── ENTRIES SHOWN ──
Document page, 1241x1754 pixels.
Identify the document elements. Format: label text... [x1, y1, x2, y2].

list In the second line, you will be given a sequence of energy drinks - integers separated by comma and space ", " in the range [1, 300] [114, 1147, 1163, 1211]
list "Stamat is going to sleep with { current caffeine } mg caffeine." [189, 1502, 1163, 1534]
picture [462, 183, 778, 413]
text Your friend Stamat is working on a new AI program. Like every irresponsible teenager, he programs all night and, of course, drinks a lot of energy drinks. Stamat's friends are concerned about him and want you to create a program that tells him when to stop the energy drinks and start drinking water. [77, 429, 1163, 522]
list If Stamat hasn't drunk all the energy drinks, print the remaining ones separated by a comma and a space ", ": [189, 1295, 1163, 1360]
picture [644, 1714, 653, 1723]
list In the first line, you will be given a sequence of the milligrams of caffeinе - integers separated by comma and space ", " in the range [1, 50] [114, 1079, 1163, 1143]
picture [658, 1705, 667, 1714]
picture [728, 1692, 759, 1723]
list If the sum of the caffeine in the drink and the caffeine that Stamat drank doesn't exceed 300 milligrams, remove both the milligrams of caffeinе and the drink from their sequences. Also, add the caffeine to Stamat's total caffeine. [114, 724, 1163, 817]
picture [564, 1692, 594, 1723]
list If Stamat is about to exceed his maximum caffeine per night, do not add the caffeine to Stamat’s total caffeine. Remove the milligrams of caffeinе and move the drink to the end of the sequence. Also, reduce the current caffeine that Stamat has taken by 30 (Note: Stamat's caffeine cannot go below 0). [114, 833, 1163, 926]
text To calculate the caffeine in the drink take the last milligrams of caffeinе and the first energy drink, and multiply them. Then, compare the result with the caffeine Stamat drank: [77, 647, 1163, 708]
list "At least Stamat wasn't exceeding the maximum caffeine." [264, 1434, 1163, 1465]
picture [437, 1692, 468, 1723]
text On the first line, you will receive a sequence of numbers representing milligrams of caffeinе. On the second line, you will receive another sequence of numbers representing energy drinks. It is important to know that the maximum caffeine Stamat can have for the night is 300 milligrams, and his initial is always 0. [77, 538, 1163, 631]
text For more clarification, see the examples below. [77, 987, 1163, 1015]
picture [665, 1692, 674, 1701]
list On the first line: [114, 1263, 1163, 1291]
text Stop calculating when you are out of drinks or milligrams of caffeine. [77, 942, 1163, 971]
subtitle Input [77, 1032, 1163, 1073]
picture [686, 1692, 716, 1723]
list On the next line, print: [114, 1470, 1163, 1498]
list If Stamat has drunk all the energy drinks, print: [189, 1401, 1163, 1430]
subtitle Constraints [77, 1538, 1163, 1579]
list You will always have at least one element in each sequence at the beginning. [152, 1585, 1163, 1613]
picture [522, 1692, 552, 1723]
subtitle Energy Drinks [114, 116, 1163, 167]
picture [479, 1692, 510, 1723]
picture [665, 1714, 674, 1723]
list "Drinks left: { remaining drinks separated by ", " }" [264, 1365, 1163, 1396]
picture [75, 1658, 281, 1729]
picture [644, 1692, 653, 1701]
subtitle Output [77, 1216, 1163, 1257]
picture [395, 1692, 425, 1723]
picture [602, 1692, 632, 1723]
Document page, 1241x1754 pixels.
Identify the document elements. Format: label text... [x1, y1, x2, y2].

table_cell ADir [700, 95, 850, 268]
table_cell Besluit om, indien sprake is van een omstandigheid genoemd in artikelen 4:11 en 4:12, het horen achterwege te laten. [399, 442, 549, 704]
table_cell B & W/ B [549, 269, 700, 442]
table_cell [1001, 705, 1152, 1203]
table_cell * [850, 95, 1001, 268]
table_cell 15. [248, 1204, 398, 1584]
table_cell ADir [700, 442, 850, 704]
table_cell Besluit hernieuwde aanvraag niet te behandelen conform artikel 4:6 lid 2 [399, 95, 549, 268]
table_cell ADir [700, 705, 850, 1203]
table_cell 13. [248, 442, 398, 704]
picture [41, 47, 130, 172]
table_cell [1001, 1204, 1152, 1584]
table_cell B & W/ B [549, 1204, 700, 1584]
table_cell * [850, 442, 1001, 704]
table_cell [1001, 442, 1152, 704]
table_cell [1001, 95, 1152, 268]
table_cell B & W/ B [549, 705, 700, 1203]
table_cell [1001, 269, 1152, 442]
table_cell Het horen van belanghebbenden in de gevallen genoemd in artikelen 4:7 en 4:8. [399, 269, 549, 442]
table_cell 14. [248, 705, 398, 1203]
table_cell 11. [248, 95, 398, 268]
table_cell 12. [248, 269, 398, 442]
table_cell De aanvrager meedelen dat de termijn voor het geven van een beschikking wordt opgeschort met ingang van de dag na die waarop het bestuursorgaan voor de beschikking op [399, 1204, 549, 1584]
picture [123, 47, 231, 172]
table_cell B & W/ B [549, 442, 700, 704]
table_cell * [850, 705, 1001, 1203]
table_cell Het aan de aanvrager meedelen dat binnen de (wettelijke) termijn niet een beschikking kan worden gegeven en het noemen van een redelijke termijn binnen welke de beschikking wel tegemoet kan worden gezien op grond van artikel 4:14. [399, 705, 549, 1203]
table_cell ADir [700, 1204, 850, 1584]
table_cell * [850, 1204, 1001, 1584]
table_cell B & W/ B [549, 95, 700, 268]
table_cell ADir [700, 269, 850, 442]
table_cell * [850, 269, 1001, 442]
───
» **REQUIRED ACTION**
Go back to the listing above. Copy word for word the lines from the one with "table_cell B & W/ B [549, 1204, 700, 1584]" through the one with "table_cell * [850, 705, 1001, 1203]", and nothing more.

» **RESULT BELOW**
table_cell B & W/ B [549, 1204, 700, 1584]
table_cell * [850, 442, 1001, 704]
table_cell [1001, 442, 1152, 704]
table_cell [1001, 95, 1152, 268]
table_cell B & W/ B [549, 705, 700, 1203]
table_cell [1001, 269, 1152, 442]
table_cell Het horen van belanghebbenden in de gevallen genoemd in artikelen 4:7 en 4:8. [399, 269, 549, 442]
table_cell 14. [248, 705, 398, 1203]
table_cell 11. [248, 95, 398, 268]
table_cell 12. [248, 269, 398, 442]
table_cell De aanvrager meedelen dat de termijn voor het geven van een beschikking wordt opgeschort met ingang van de dag na die waarop het bestuursorgaan voor de beschikking op [399, 1204, 549, 1584]
picture [123, 47, 231, 172]
table_cell B & W/ B [549, 442, 700, 704]
table_cell * [850, 705, 1001, 1203]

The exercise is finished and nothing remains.